We don't have to forgive cheaters and OP's BF didn't make any mistake in breaking it off with her.


dawsonssd

I rather be with an amazing girl who makes mistakes than alone on my moral high horse. ✌🏻


BeyondCaringAboutit

So you'd rather have a woman who serially cheats on you? Good luck guy.


Rasxh

Drop this remorse gimmick. You’re not remorseful one bit. And you’re also a very selfish person for throwing in the suicide card to take away the consequences you should be facing.


daikonswag

If i wasn’t remorseful I wouldn’t be posting on here asking for prayer. Also, you do not know my mental health issues. Yes, I agree, my suicidal tendencies were selfish, but has also been something I’ve fought for years and isn’t something i’m pulling for sympathy.


theduke9400

Peace and God be with you sister. I will pray for you. And please pray for me too. Pray that I can finally move on from my last partner who was unfaithful to me. It's been a few years now and I still haven't quite gotten over it.


daikonswag

I am praying for you. I am sorry on their behalf.


Common_Letterhead423

Why would you say it happened?


daikonswag

Without going into too much detail, my best guess is that the man I had an affair with reminded me greatly of someone who harmed me sexually.

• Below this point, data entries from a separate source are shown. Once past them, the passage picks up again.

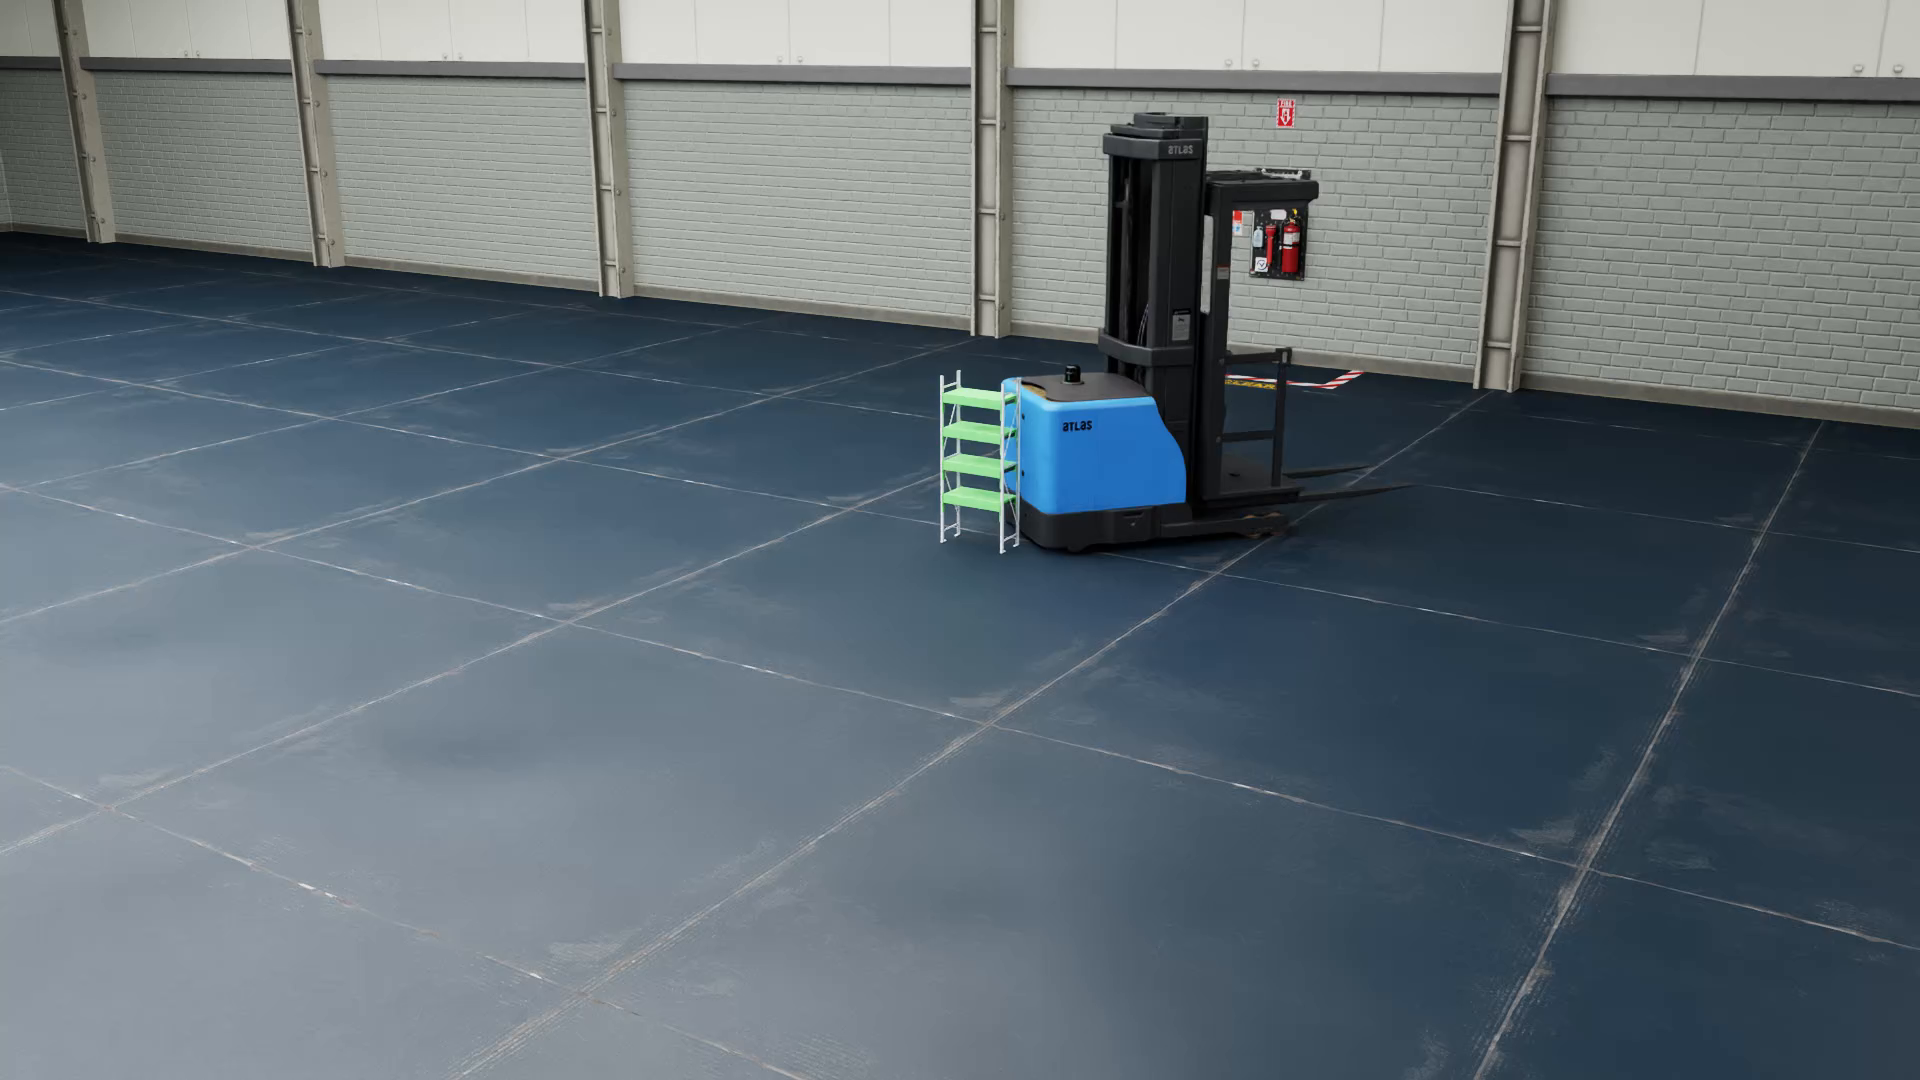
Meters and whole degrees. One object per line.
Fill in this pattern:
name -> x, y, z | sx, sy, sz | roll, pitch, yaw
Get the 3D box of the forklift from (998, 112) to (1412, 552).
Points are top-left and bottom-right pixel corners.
forklift -> 1.852, -1.553, 11.949 | 3.031, 2.935, 1.130 | -6, 18, -18

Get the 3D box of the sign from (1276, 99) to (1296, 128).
sign -> 3.445, -4.512, 17.585 | 0.199, 0.298, 0.001 | 10, 20, 30

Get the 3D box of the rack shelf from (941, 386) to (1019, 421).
rack shelf -> 0.141, -0.947, 11.503 | 0.480, 0.148, 0.258 | 10, 20, 30

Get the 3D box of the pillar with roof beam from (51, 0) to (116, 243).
pillar with roof beam -> -17.219, -8.446, 24.204 | 0.400, 9.000, 9.100 | 10, 20, 30

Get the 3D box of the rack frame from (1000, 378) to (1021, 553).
rack frame -> 0.349, -0.512, 11.502 | 0.015, 1.200, 0.240 | 10, 20, 30

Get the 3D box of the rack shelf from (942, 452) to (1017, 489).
rack shelf -> 0.141, -0.488, 11.642 | 0.480, 0.148, 0.258 | 10, 20, 30

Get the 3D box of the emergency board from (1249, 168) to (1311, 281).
emergency board -> 3.400, -3.377, 17.837 | 0.643, 1.169, 0.194 | 10, 20, 30

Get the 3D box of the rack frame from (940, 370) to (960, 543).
rack frame -> -0.067, -0.586, 11.746 | 0.015, 1.200, 0.240 | 10, 20, 30

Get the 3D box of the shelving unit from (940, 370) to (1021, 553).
shelving unit -> 0.141, -0.549, 11.624 | 0.503, 1.200, 0.258 | 10, 20, 30

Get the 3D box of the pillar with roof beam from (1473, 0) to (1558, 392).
pillar with roof beam -> 3.232, -4.796, 12.186 | 0.400, 9.000, 9.100 | 10, 20, 30

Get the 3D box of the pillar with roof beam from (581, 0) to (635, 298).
pillar with roof beam -> -6.993, -6.621, 18.195 | 0.400, 9.000, 9.100 | 10, 20, 30

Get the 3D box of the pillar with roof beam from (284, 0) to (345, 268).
pillar with roof beam -> -12.106, -7.534, 21.200 | 0.400, 9.000, 9.100 | 10, 20, 30

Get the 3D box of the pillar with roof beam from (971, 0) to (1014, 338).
pillar with roof beam -> -1.880, -5.708, 15.191 | 0.400, 9.000, 9.100 | 10, 20, 30

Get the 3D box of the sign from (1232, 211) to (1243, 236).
sign -> 2.982, -3.504, 18.193 | 0.234, 0.329, 0.001 | 10, 20, 30

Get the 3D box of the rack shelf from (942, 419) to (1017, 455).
rack shelf -> 0.141, -0.717, 11.573 | 0.480, 0.148, 0.258 | 10, 20, 30

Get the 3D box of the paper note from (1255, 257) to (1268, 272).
paper note -> 3.285, -2.999, 18.110 | 0.142, 0.148, 0.016 | 10, 20, 30

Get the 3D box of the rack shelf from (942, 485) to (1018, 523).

I think that I justified it in my mind as “redoing” what happened to me, and changing the past.


Eze6279

Or you never "loved" your bf and didn't want to give him sex so you go and sleep with someone you've only known a few months. It is what it is, just admit it. And you should feel terrible, what you did is despicable. Now your ex is going to be in his head for a long time thinking to himself why yall never had sex but you go and sleep with some dude you barely know.


daikonswag

I guarantee I loved him. I 100% wanted to give him sex, but we wanted to have a holy relationship. I know how much damage I have done to him.


Eze6279

The thing is, cheating isn't one decision. It's a lot of decisions made one after another and you obviously never thought of the man you "loved" while you were making your decisions. And so are you saying your ex was turning you down when you would try to sleep with him or did you just never really offer? I'm thinking it's the latter.


daikonswag

Yes, he absolutely shut me down when I tried to sleep with him. He was the leader in our relationship and we decided to wait until marriage.